EXERCISE DETAILS: Leaving out the pictures, retype the lines from the top of the listing through the line with "Your answer should be compact. -23." exactly.

SUPPLIED RECORDS:
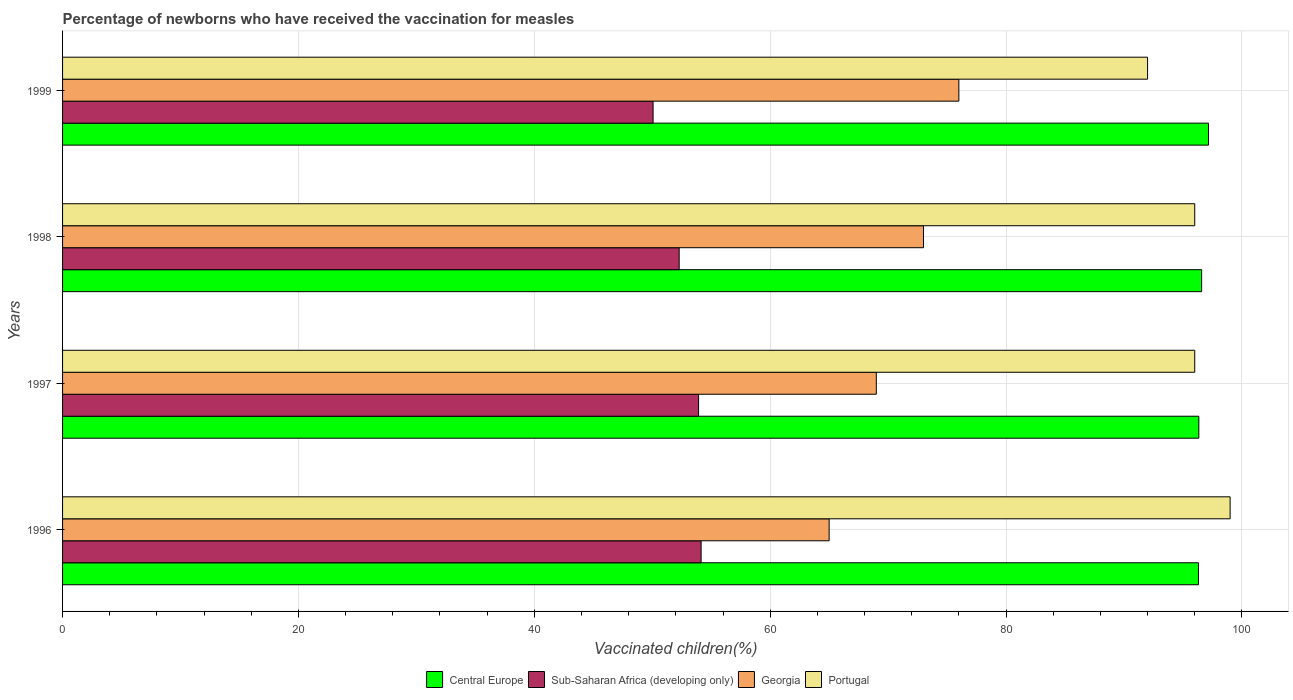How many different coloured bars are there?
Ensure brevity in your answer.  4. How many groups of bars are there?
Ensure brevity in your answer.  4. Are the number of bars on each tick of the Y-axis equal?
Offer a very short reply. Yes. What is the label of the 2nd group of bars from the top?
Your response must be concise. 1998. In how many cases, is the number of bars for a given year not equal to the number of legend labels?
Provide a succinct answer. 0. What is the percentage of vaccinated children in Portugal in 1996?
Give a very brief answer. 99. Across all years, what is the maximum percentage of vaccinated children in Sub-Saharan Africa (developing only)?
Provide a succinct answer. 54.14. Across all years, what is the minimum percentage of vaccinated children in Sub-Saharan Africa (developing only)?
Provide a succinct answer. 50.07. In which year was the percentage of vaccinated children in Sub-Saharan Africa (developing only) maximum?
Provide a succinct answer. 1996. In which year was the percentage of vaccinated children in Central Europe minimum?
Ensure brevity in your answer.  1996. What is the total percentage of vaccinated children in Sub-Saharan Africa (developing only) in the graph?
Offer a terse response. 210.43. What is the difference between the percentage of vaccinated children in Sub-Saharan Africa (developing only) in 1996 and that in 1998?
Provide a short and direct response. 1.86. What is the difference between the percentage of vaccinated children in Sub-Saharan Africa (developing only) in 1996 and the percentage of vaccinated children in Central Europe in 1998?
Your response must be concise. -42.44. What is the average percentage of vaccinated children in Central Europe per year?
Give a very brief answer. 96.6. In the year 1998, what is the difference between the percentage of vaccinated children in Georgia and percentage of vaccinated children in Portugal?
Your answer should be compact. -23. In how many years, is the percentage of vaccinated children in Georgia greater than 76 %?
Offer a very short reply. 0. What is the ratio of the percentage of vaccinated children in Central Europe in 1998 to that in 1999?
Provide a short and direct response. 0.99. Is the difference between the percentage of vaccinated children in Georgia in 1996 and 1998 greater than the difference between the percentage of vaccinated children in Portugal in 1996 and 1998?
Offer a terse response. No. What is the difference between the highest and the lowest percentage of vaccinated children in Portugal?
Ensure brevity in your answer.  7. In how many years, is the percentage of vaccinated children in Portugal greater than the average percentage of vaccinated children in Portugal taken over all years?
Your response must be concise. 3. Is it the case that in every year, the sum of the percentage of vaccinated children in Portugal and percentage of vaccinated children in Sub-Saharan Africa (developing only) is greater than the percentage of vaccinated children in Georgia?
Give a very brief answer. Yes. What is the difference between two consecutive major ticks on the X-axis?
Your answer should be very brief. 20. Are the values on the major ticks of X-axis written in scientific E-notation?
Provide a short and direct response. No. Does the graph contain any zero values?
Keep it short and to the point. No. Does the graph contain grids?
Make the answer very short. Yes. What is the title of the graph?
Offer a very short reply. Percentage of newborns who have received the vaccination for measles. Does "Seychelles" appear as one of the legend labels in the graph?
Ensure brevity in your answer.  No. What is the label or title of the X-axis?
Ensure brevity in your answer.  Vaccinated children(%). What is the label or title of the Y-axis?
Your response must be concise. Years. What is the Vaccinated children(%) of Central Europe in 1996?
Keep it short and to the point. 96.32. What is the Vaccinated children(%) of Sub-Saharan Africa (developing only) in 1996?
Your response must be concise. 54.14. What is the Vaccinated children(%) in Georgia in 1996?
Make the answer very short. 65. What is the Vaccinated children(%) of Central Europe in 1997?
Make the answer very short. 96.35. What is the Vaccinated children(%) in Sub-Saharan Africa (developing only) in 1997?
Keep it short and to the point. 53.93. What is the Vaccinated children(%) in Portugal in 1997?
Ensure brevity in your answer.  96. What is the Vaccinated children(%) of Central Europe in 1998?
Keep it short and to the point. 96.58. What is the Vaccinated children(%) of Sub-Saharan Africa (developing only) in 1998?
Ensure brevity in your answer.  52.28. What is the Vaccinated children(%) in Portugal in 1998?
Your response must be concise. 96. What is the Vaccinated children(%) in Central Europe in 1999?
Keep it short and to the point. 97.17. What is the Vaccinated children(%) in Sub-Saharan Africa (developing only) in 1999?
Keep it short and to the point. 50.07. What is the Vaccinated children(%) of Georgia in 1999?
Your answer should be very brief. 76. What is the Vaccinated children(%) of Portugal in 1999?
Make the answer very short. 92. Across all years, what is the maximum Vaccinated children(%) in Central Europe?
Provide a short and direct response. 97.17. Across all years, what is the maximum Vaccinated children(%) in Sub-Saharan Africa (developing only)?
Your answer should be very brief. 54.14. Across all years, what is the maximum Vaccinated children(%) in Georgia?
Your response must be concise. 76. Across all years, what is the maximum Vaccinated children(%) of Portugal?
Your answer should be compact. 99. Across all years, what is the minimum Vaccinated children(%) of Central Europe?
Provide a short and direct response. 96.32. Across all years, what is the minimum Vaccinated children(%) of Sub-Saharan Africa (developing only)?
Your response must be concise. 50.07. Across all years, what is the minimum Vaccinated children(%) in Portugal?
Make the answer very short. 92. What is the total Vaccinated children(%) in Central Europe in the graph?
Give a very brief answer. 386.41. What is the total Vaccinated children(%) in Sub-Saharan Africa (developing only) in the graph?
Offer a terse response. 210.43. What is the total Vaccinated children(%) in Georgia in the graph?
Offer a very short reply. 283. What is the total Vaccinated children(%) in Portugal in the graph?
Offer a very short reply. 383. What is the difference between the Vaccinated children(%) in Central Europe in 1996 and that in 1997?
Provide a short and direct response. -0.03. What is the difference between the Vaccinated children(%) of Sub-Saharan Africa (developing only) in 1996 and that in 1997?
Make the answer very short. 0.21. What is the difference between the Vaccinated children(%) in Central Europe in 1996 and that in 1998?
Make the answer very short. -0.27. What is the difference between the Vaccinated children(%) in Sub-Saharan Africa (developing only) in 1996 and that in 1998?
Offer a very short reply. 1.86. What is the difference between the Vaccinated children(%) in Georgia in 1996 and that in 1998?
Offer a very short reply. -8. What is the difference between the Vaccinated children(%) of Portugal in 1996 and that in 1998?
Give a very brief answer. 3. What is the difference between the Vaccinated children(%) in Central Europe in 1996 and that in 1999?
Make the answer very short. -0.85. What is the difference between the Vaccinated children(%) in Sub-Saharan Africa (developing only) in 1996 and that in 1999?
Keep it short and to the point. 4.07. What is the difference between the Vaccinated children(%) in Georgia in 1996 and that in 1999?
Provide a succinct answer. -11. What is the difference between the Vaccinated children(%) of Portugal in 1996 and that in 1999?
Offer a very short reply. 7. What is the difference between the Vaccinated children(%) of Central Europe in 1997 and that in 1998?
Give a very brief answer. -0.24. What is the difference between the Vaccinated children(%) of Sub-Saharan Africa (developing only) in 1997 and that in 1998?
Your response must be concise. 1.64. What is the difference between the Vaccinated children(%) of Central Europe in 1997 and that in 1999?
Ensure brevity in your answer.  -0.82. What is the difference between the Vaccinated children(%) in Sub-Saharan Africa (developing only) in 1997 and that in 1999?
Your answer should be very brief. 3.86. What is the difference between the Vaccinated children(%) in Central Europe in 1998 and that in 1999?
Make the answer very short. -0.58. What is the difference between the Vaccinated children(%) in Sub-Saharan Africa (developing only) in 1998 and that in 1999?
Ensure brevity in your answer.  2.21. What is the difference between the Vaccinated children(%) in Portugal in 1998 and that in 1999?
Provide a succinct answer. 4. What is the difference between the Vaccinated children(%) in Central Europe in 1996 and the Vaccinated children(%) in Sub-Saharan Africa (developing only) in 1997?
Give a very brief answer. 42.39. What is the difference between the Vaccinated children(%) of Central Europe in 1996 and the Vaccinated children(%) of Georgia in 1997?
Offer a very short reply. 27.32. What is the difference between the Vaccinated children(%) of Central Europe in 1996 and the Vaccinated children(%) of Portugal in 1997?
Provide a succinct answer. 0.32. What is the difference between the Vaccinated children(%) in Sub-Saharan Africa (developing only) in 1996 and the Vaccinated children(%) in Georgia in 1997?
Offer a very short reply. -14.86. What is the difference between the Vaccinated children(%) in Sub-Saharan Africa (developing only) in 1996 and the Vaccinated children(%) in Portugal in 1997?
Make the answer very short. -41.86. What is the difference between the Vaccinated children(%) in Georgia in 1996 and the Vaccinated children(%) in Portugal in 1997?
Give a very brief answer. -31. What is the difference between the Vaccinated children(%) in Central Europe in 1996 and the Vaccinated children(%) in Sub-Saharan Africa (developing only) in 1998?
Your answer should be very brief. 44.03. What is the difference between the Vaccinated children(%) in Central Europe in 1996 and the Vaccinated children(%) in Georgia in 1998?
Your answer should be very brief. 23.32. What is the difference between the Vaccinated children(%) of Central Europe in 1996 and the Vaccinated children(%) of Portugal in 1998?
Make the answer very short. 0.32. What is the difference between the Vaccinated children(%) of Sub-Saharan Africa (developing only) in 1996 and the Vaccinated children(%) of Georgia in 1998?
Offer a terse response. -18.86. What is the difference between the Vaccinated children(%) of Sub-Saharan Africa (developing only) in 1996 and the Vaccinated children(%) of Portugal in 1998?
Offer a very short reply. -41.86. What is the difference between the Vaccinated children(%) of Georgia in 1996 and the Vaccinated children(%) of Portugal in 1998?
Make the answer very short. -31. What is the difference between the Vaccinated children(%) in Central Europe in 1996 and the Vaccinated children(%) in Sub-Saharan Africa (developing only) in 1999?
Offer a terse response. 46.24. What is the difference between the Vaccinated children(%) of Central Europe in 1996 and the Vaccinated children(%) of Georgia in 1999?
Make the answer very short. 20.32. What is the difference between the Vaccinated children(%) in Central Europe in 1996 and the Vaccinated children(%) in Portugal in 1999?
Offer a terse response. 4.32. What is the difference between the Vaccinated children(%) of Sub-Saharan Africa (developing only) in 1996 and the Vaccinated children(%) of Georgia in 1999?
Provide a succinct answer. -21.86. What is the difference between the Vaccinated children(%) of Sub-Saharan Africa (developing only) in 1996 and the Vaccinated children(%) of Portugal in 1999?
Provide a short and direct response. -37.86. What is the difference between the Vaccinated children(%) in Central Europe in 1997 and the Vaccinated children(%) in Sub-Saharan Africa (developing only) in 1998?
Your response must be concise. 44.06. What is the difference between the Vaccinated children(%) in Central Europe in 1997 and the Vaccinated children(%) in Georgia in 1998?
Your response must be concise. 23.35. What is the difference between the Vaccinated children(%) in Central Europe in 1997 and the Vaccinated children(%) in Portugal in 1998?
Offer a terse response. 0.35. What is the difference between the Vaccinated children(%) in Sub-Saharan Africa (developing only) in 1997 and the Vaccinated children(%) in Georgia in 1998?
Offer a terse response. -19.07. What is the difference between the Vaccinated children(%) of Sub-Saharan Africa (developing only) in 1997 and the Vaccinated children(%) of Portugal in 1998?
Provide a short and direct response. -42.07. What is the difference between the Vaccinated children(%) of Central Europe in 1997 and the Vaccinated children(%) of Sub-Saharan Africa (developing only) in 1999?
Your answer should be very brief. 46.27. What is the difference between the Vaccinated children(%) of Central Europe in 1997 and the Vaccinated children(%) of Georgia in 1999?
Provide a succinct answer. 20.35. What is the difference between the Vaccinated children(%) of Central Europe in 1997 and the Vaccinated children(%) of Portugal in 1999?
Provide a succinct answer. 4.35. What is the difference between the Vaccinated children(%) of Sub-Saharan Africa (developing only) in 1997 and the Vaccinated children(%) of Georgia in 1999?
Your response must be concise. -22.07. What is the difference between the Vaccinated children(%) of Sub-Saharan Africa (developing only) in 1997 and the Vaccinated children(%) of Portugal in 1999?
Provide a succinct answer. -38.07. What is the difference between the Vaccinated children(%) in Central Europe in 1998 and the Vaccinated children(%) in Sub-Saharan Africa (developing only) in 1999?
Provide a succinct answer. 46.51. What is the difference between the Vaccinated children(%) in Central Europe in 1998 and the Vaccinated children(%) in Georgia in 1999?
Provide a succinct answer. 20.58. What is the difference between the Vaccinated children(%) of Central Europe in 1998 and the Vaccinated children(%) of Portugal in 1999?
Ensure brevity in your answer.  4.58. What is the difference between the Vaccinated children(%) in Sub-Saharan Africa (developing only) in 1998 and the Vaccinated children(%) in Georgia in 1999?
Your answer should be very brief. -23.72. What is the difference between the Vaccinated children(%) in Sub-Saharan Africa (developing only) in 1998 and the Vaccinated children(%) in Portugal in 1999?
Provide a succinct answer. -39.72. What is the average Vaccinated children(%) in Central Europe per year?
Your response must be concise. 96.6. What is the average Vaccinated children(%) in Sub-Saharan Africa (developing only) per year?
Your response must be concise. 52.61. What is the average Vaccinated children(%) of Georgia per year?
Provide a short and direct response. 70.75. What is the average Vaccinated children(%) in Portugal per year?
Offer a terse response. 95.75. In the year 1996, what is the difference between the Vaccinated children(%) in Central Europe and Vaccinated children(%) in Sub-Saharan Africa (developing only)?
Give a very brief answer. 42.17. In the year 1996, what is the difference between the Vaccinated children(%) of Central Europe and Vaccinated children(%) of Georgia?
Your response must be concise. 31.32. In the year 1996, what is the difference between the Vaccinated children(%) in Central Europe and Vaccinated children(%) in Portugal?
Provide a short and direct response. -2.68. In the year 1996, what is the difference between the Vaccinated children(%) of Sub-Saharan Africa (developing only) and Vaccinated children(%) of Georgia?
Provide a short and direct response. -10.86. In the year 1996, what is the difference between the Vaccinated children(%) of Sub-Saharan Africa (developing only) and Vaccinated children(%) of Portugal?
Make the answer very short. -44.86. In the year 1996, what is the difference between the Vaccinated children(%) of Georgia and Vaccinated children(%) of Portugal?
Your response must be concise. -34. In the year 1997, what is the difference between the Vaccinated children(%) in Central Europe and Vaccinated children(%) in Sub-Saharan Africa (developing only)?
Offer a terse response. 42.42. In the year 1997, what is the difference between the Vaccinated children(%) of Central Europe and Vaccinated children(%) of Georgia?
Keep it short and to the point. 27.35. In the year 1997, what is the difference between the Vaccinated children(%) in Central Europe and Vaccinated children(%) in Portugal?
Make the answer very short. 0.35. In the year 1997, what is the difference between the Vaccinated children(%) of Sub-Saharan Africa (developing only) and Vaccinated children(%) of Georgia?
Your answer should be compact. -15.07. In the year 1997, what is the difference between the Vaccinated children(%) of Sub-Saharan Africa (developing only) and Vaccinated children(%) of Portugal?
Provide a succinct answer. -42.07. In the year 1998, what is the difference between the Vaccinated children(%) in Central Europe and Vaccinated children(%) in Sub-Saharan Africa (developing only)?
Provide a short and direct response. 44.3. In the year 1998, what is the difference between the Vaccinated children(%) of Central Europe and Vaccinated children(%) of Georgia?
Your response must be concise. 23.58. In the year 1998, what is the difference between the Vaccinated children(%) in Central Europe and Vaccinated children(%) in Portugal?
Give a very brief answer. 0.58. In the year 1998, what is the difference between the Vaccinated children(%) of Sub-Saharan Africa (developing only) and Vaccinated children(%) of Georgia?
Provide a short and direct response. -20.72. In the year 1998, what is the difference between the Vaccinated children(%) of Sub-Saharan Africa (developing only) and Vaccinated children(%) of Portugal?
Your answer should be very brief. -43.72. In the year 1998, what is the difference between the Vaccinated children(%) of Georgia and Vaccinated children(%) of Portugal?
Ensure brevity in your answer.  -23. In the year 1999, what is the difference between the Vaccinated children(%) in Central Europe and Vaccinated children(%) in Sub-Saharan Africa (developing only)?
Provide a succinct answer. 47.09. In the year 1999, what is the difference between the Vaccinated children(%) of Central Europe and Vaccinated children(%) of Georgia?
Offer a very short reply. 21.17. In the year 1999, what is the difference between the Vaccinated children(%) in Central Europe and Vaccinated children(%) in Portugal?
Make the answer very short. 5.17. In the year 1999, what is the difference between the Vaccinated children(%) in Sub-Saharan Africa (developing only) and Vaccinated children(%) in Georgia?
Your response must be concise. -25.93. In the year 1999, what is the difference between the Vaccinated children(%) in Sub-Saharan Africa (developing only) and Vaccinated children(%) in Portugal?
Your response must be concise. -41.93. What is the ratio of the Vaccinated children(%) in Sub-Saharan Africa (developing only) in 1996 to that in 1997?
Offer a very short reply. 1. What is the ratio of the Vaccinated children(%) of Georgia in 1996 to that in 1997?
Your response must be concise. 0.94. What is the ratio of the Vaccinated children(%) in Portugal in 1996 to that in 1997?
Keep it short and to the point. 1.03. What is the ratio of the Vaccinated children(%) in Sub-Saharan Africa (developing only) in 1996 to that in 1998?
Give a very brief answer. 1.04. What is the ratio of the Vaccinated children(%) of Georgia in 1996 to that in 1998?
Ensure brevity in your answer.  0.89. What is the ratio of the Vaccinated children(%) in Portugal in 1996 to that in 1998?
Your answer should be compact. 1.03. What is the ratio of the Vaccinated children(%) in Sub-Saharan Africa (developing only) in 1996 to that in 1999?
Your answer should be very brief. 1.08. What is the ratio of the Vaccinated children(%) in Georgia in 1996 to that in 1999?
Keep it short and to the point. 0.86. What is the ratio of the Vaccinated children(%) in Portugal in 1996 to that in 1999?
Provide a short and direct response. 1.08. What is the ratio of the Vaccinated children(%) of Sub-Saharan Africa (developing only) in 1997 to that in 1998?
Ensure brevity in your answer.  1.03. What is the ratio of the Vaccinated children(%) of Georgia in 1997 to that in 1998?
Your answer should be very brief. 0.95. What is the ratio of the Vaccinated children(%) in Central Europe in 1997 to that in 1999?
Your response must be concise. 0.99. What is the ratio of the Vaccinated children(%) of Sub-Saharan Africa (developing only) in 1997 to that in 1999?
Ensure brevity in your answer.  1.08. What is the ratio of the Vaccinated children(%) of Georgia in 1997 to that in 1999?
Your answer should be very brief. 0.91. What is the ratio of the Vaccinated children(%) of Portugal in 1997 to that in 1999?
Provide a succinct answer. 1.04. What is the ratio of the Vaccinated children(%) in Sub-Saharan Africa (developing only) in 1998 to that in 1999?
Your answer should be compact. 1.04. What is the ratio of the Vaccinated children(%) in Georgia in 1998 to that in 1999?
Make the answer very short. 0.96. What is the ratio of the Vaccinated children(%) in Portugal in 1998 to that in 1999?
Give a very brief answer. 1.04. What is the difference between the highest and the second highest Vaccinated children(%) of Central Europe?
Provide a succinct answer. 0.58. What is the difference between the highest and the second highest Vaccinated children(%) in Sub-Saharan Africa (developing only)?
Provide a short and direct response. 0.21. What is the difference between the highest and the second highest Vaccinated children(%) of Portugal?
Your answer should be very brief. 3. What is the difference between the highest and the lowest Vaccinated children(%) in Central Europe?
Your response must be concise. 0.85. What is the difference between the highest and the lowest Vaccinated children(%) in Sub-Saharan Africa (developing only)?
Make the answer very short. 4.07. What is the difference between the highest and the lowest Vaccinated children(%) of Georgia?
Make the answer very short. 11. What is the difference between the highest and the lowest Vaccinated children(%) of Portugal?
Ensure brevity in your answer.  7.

SOLVED EXERCISE:
How many different coloured bars are there?
Ensure brevity in your answer.  4. How many groups of bars are there?
Ensure brevity in your answer.  4. Are the number of bars on each tick of the Y-axis equal?
Offer a very short reply. Yes. What is the label of the 2nd group of bars from the top?
Your response must be concise. 1998. In how many cases, is the number of bars for a given year not equal to the number of legend labels?
Provide a succinct answer. 0. What is the percentage of vaccinated children in Portugal in 1996?
Give a very brief answer. 99. Across all years, what is the maximum percentage of vaccinated children in Sub-Saharan Africa (developing only)?
Provide a succinct answer. 54.14. Across all years, what is the minimum percentage of vaccinated children in Sub-Saharan Africa (developing only)?
Provide a succinct answer. 50.07. In which year was the percentage of vaccinated children in Sub-Saharan Africa (developing only) maximum?
Provide a succinct answer. 1996. In which year was the percentage of vaccinated children in Central Europe minimum?
Ensure brevity in your answer.  1996. What is the total percentage of vaccinated children in Sub-Saharan Africa (developing only) in the graph?
Offer a terse response. 210.43. What is the difference between the percentage of vaccinated children in Sub-Saharan Africa (developing only) in 1996 and that in 1998?
Provide a short and direct response. 1.86. What is the difference between the percentage of vaccinated children in Sub-Saharan Africa (developing only) in 1996 and the percentage of vaccinated children in Central Europe in 1998?
Your response must be concise. -42.44. What is the average percentage of vaccinated children in Central Europe per year?
Give a very brief answer. 96.6. In the year 1998, what is the difference between the percentage of vaccinated children in Georgia and percentage of vaccinated children in Portugal?
Your answer should be compact. -23. In how many years, is the percentage of vaccinated children in Georgia greater than 76 %?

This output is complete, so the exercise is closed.